▶ Task inputs:
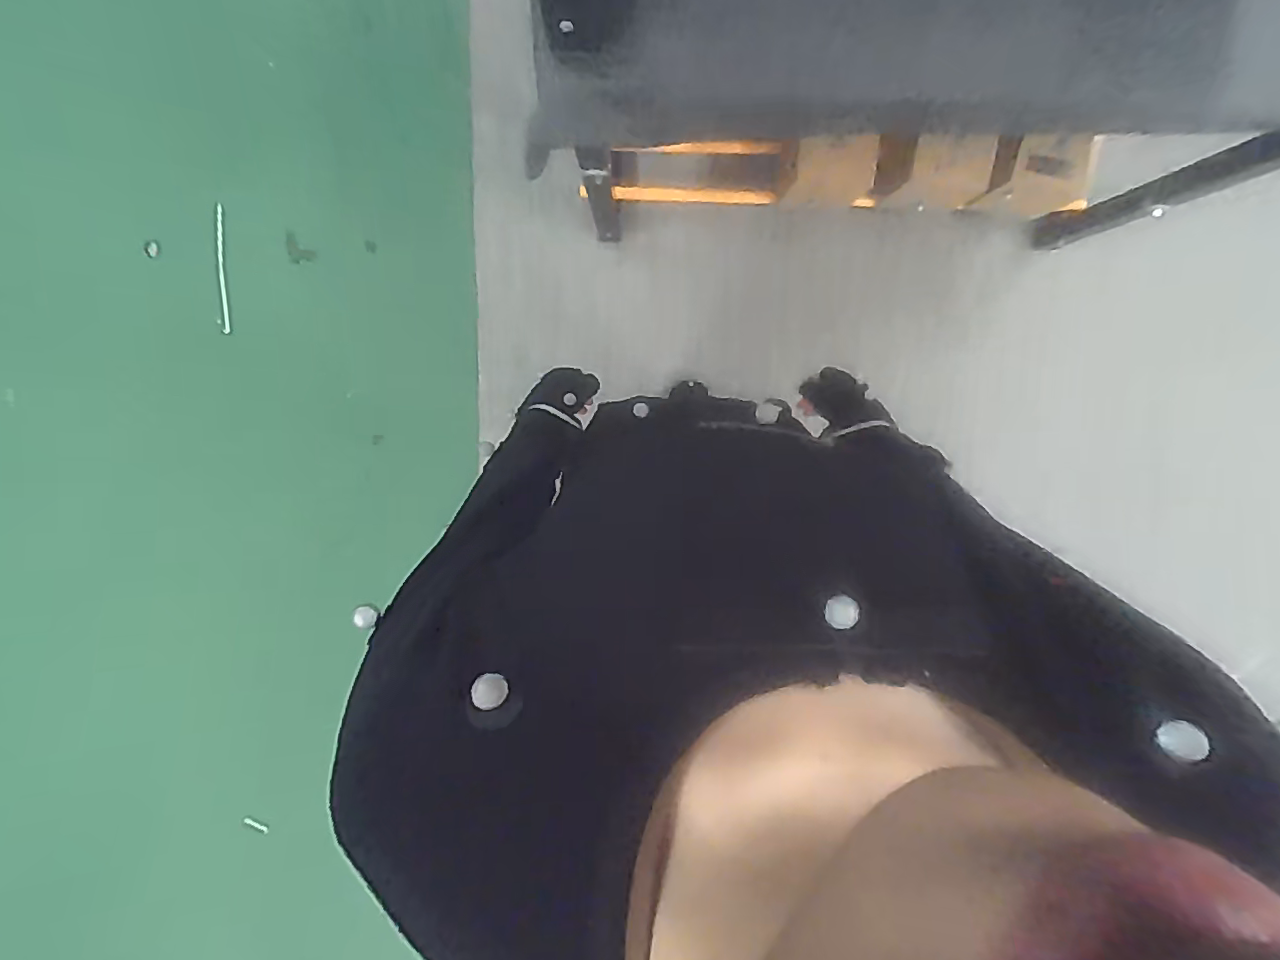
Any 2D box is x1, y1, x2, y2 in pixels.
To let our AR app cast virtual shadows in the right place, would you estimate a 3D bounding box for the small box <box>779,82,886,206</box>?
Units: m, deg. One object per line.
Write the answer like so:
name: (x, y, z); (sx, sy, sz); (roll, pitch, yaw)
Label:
small box: (0.408, -0.720, 1.174); (0.168, 0.176, 0.179); (3, 101, -1)
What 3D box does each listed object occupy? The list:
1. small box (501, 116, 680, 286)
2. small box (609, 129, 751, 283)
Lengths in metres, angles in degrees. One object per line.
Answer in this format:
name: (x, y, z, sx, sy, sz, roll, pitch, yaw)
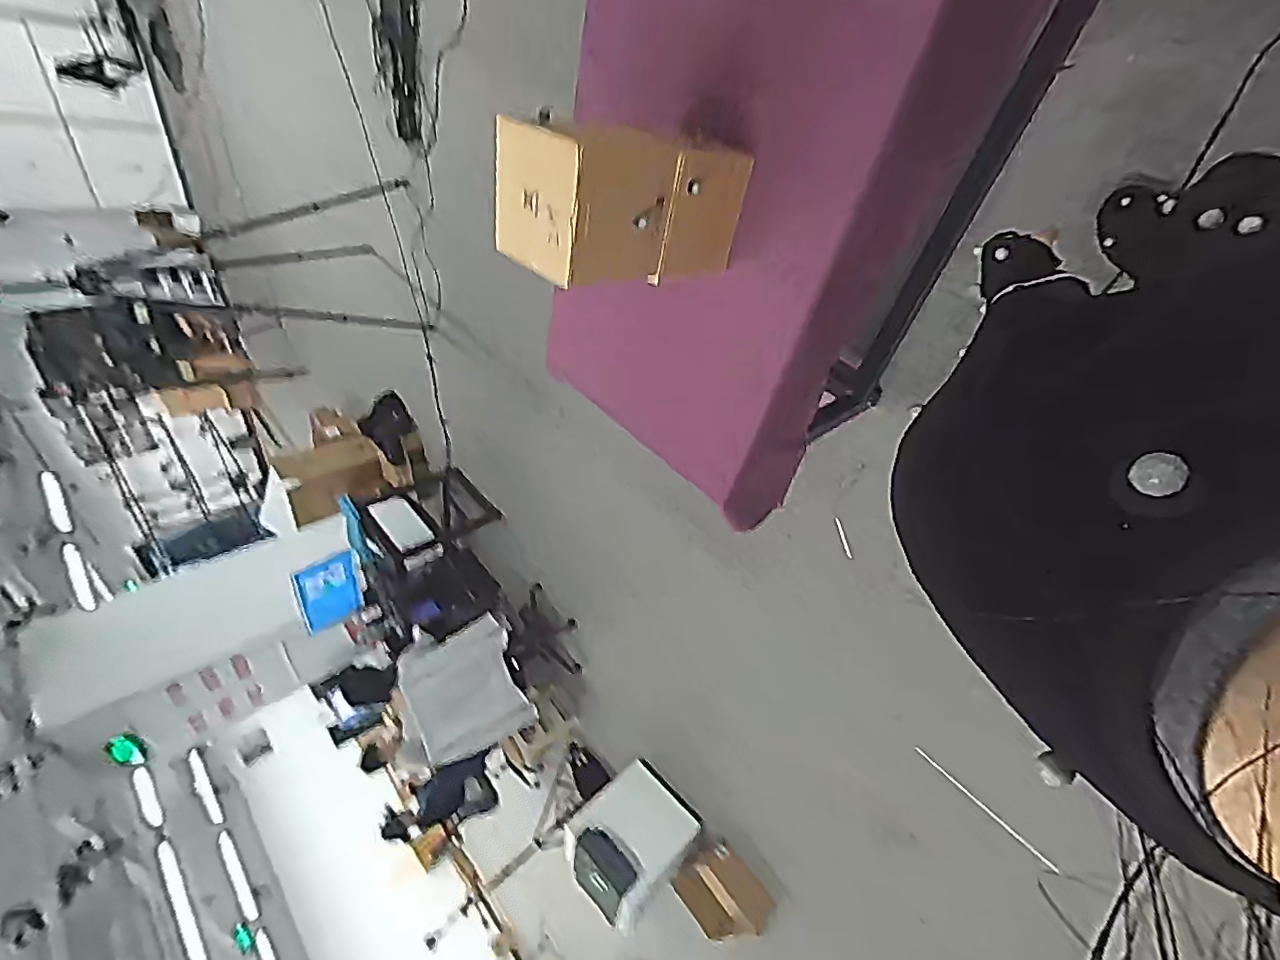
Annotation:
small box: (-0.073, -0.388, 0.755, 0.179, 0.176, 0.168, 38, 135, 30)
small box: (0.050, -0.433, 0.856, 0.168, 0.176, 0.179, 38, 134, 30)

▶ Work required: Review the material and copy each line in which the word "name" appears.

▶ Answer box:
name: (x, y, z); (sx, sy, sz); (roll, pitch, yaw)
name: (x, y, z, sx, sy, sz, roll, pitch, yaw)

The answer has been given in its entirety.